2. Before the 30th of November the barge Maryland and the barge Rock Harbor, both being at the time tight and seaworthy and properly manned and equipped, were anchored on Red Hook Flats, the Rock Harbor near buoy 30, the Maryland about 200 yards southeast of her.
3. The Hopkins was a dead ship without any steam even that quantity sufficient to operate the windlasses on which were wound her anchors and without any means of communication. A so-called 'riding crew' of five was aboard her. The evidence gives no support to the use of the word 'crew' which has a professional connotation. We shall call them collectively 'a gang'. In the absence of evidence as to their qualifications it is found in the language used to describe them on the trial and to which neither the captain in charge of the towing operation nor his counsel demurred, that they were laborers unskilled in the rudiments of navigation or care of a ship. It is further found that none of these five individuals had the knowledge or the capacity to perform any duties aboard except such as a laborer might perform under the immediate personal supervision and according to the instructions of someone else who would know what to do and how to do it. These men were put aboard by the respondent Moran.

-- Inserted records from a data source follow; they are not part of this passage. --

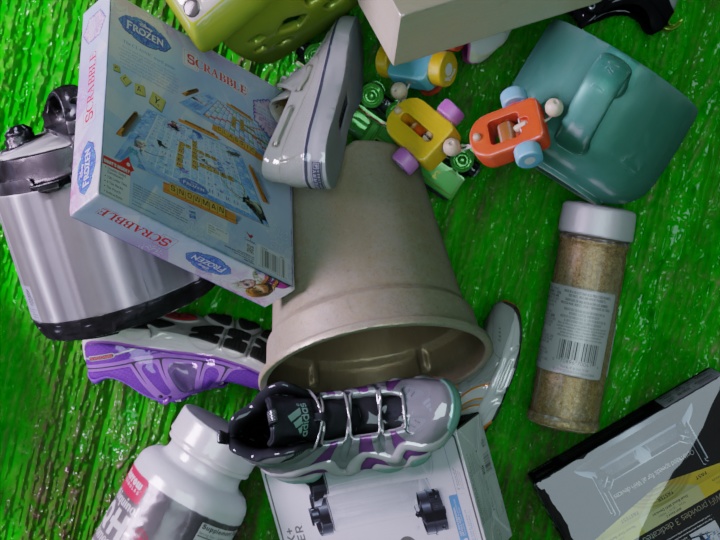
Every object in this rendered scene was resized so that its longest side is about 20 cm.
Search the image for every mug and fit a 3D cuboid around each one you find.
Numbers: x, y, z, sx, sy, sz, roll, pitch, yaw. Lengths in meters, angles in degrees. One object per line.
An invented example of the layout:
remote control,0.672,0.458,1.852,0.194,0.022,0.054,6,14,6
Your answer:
mug,0.189,-0.132,1.366,0.152,0.184,0.115,36,96,41

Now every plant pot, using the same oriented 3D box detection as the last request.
plant pot,-0.088,-0.301,1.318,0.198,0.181,0.201,-34,86,23
plant pot,0.000,0.000,1.363,0.198,0.201,0.186,-9,67,0

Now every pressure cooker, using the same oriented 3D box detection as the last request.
pressure cooker,-0.222,-0.059,1.353,0.174,0.178,0.202,-9,104,31

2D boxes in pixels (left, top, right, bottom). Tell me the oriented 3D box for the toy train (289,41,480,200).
toy train,0.018,-0.134,1.433,0.199,0.042,0.057,35,103,-2

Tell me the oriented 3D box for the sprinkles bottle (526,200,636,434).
sprinkles bottle,0.197,0.041,1.429,0.067,0.068,0.203,10,93,-1

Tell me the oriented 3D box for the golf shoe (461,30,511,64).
golf shoe,0.051,-0.259,1.411,0.199,0.075,0.092,31,96,-1

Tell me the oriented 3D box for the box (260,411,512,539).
box,0.021,0.204,1.400,0.198,0.060,0.118,-13,94,26

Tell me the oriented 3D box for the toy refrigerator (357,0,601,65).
toy refrigerator,0.103,-0.239,1.309,0.198,0.070,0.076,-20,62,-16

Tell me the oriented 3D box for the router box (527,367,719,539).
router box,0.275,0.207,1.445,0.198,0.052,0.158,-29,93,1

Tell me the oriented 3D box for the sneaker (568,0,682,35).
sneaker,0.193,-0.257,1.408,0.197,0.072,0.084,14,86,-1

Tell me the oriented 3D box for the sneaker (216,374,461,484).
sneaker,-0.026,0.125,1.307,0.198,0.140,0.079,-21,65,24

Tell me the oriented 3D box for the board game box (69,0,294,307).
board game box,-0.139,-0.096,1.284,0.041,0.202,0.199,-30,138,36

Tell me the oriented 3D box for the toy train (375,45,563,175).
toy train,0.091,-0.148,1.346,0.149,0.056,0.202,-24,56,15

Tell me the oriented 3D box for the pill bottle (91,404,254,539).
pill bottle,-0.169,0.226,1.413,0.110,0.111,0.201,30,92,-2

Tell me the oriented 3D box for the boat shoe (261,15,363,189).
boat shoe,-0.042,-0.144,1.338,0.069,0.201,0.071,2,138,12

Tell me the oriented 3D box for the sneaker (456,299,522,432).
sneaker,0.079,0.114,1.431,0.091,0.076,0.202,23,91,3

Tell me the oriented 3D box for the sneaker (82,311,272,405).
sneaker,-0.152,0.084,1.436,0.197,0.081,0.084,9,109,6
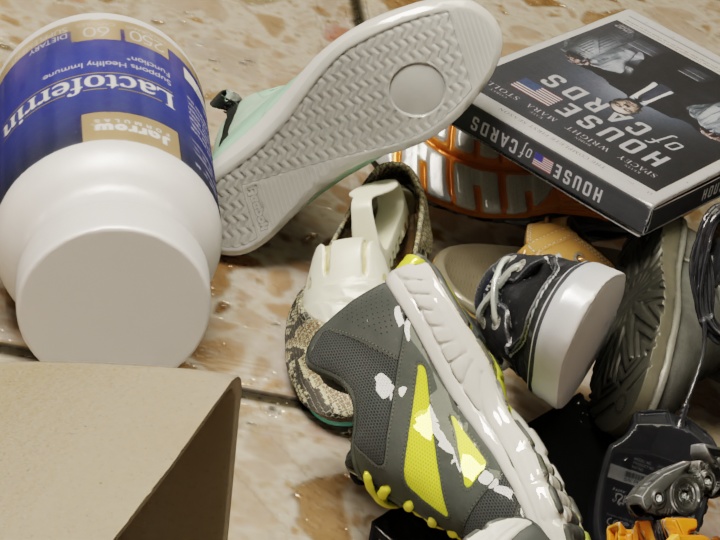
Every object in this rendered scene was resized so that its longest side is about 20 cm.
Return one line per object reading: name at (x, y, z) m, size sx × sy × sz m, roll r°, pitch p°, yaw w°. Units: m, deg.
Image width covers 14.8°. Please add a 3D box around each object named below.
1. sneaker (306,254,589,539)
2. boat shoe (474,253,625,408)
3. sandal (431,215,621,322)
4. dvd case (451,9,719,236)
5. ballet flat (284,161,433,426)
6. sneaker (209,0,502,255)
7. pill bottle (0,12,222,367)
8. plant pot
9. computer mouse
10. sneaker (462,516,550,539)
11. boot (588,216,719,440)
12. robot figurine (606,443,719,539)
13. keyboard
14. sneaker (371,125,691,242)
sneaker at (0.043, 0.095, 1.292) m, size 0.201 × 0.084 × 0.074 m, roll 63°, pitch 7°, yaw 21°
boat shoe at (0.088, 0.022, 1.367) m, size 0.068 × 0.072 × 0.200 m, roll 28°, pitch 0°, yaw 6°
sandal at (0.124, -0.001, 1.546) m, size 0.199 × 0.054 × 0.080 m, roll 0°, pitch 35°, yaw -29°
dvd case at (0.155, -0.088, 1.559) m, size 0.150 × 0.025 × 0.200 m, roll 32°, pitch 33°, yaw 26°
ballet flat at (0.000, 0.000, 1.452) m, size 0.067 × 0.076 × 0.200 m, roll 5°, pitch 30°, yaw 9°
sneaker at (-0.011, -0.098, 1.509) m, size 0.074 × 0.200 × 0.118 m, roll 50°, pitch 17°, yaw -18°
pill bottle at (-0.129, -0.036, 1.399) m, size 0.115 × 0.116 × 0.200 m, roll 10°, pitch 32°, yaw -15°
plant pot at (-0.166, 0.144, 1.027) m, size 0.176 × 0.201 × 0.200 m, roll 14°, pitch 29°, yaw 14°
computer mouse at (0.156, 0.063, 1.362) m, size 0.058 × 0.201 × 0.034 m, roll 21°, pitch -9°, yaw -8°
sneaker at (0.036, 0.189, 1.163) m, size 0.084 × 0.075 × 0.200 m, roll 36°, pitch 54°, yaw 6°
boot at (0.227, 0.063, 1.483) m, size 0.200 × 0.073 × 0.182 m, roll 33°, pitch 43°, yaw -12°
robot figurine at (0.188, 0.155, 1.275) m, size 0.199 × 0.146 × 0.058 m, roll 5°, pitch -10°, yaw -33°
keyboard at (0.067, 0.105, 1.378) m, size 0.127 × 0.021 × 0.200 m, roll 39°, pitch 34°, yaw 20°
sneaker at (0.096, -0.053, 1.600) m, size 0.199 × 0.077 × 0.079 m, roll 12°, pitch 72°, yaw -7°
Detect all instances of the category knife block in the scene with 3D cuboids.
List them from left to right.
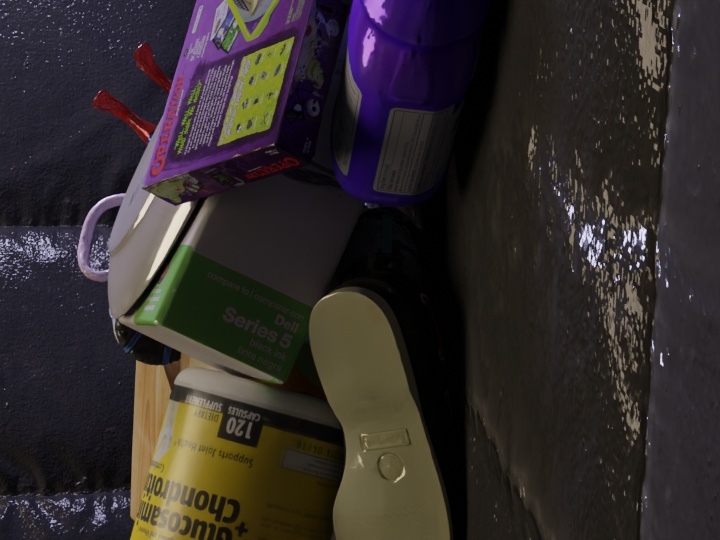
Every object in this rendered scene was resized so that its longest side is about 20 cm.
[{"bbox_3d":[-0.128,0.151,1.367,0.176,0.064,0.201,-55,47,46],"label":"knife block"}]

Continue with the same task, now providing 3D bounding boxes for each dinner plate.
[{"bbox_3d":[-0.107,-0.066,1.109,0.201,0.024,0.200,-59,13,22],"label":"dinner plate"}]

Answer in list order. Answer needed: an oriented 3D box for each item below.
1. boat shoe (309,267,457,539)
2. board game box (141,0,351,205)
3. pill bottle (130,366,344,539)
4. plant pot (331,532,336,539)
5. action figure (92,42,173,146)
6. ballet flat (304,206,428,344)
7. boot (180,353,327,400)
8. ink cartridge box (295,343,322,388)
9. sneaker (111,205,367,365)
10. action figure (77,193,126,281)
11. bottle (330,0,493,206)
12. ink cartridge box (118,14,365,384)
[{"bbox_3d":[0.022,0.099,1.042,0.063,0.073,0.202,-29,-67,-59],"label":"boat shoe"},{"bbox_3d":[-0.048,-0.137,0.999,0.120,0.032,0.201,-9,60,46],"label":"board game box"},{"bbox_3d":[-0.077,0.164,1.093,0.112,0.112,0.201,153,132,-82],"label":"pill bottle"},{"bbox_3d":[-0.038,0.238,1.215,0.093,0.200,0.202,-26,-60,-59],"label":"plant pot"},{"bbox_3d":[-0.084,-0.067,1.225,0.065,0.200,0.099,-50,-5,-4],"label":"action figure"},{"bbox_3d":[0.000,0.000,1.161,0.200,0.072,0.072,137,131,-74],"label":"ballet flat"},{"bbox_3d":[-0.045,0.087,1.274,0.071,0.144,0.202,6,92,51],"label":"boot"},{"bbox_3d":[-0.054,0.141,1.364,0.104,0.059,0.201,-22,72,56],"label":"ink cartridge box"},{"bbox_3d":[-0.084,-0.004,1.307,0.077,0.199,0.076,18,129,69],"label":"sneaker"},{"bbox_3d":[-0.083,-0.041,1.386,0.149,0.199,0.135,33,-128,-49],"label":"action figure"},{"bbox_3d":[0.025,-0.110,0.930,0.200,0.065,0.084,103,173,-61],"label":"bottle"},{"bbox_3d":[-0.052,-0.044,1.091,0.201,0.084,0.145,-66,13,-7],"label":"ink cartridge box"}]
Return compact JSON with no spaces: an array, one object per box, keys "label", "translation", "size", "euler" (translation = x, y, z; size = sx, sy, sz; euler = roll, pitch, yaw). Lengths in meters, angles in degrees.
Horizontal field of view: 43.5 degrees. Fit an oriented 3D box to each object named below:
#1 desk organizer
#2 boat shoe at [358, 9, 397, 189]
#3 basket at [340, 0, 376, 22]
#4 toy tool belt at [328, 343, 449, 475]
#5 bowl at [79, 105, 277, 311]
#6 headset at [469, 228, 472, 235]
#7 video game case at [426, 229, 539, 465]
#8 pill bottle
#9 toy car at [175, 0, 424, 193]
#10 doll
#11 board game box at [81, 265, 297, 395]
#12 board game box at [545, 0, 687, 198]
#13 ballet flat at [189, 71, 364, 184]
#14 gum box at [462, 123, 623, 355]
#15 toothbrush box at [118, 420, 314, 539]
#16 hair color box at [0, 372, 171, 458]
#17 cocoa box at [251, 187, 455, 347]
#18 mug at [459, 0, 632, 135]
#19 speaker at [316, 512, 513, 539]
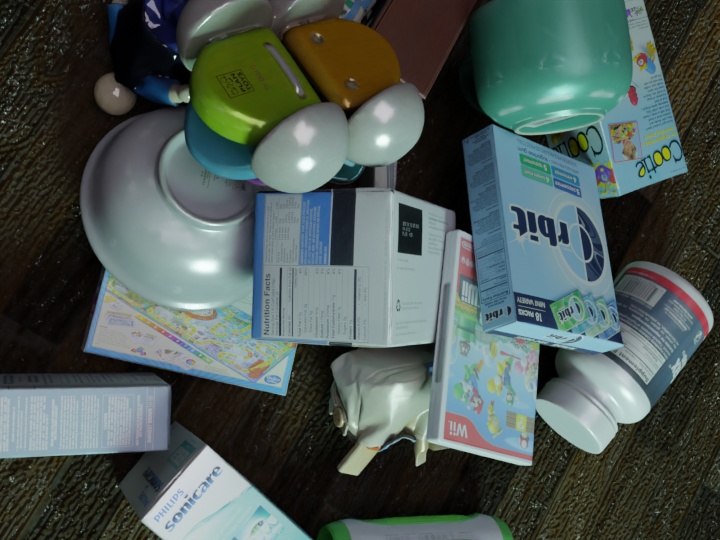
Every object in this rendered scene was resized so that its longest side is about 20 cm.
[{"label":"desk organizer","translation":[0.053,-0.244,0.884],"size":[0.077,0.072,0.201],"euler":[34,61,-13]},{"label":"boat shoe","translation":[0.033,-0.168,0.932],"size":[0.071,0.070,0.202],"euler":[0,86,-16]},{"label":"basket","translation":[-0.066,-0.316,0.856],"size":[0.200,0.139,0.177],"euler":[39,76,-24]},{"label":"toy tool belt","translation":[0.061,0.133,0.927],"size":[0.199,0.125,0.124],"euler":[-11,115,-34]},{"label":"bowl","translation":[-0.147,-0.071,0.820],"size":[0.200,0.090,0.203],"euler":[8,70,-24]},{"label":"headset","translation":[0.165,-0.033,0.972],"size":[0.123,0.094,0.201],"euler":[-18,80,-21]},{"label":"video game case","translation":[0.125,0.077,0.874],"size":[0.143,0.017,0.201],"euler":[22,68,-40]},{"label":"pill bottle","translation":[0.289,0.099,1.008],"size":[0.120,0.119,0.200],"euler":[47,75,-15]},{"label":"toy car","translation":[-0.062,-0.137,0.748],"size":[0.199,0.150,0.176],"euler":[-24,74,-41]},{"label":"doll","translation":[-0.175,-0.206,0.799],"size":[0.048,0.200,0.137],"euler":[-9,65,-57]},{"label":"board game box","translation":[-0.153,0.034,0.875],"size":[0.199,0.034,0.135],"euler":[16,84,-21]},{"label":"board game box","translation":[0.269,-0.188,1.010],"size":[0.104,0.103,0.201],"euler":[-19,96,-23]},{"label":"ballet flat","translation":[-0.079,-0.158,0.887],"size":[0.200,0.072,0.072],"euler":[34,78,-19]},{"label":"gum box","translation":[0.183,-0.027,0.902],"size":[0.169,0.044,0.201],"euler":[14,64,-39]},{"label":"toothbrush box","translation":[-0.115,0.242,0.830],"size":[0.200,0.146,0.085],"euler":[45,74,-14]},{"label":"hair color box","translation":[-0.274,0.124,0.790],"size":[0.199,0.099,0.061],"euler":[2,89,-22]},{"label":"cocoa box","translation":[0.000,0.000,0.834],"size":[0.130,0.200,0.134],"euler":[1,88,21]},{"label":"mug","translation":[0.184,-0.195,0.887],"size":[0.151,0.185,0.115],"euler":[-7,87,-1]},{"label":"speaker","translation":[0.057,0.296,0.931],"size":[0.199,0.088,0.089],"euler":[4,88,-22]}]
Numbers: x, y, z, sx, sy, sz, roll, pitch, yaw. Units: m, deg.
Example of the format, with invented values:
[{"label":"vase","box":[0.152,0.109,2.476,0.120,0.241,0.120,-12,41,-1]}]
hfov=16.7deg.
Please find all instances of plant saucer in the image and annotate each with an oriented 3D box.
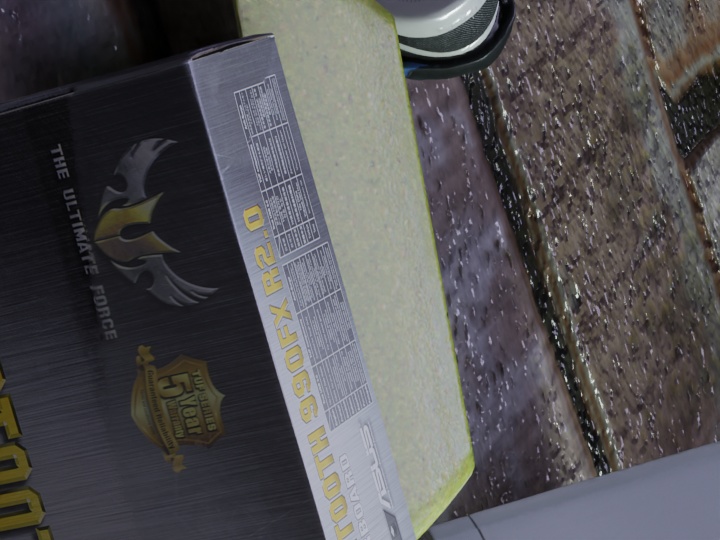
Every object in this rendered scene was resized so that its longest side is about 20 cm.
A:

4. Upon reaching the anchorage and in obedience to the instructions of the master of the tug Howard C. Moore, who was in control of the operation, but one anchor, her starboard one, was put out. The length of the chain on which this anchor depended was not established by any credible evidence but the evidence of subsequent events was conclusive that its length was insufficient to hold the vessel in a strong wind.
5. Midday of December 2, 1946 a gale blew from the west and the tug Alice M. Moran was instructed by the Moran Company office by radio to examine the situation of the Hopkins and insure its security. The tug merely went to the neighborhood of the Hopkins which had then dragged her single anchor almost a mile from her original position, displayed no care whatever in discovering its situation and took no measures whatever to insure its safety despite the dangerous velocity of the wind then blowing and what was to be expected, storm warnings for small vessels having been then displayed and broadcast.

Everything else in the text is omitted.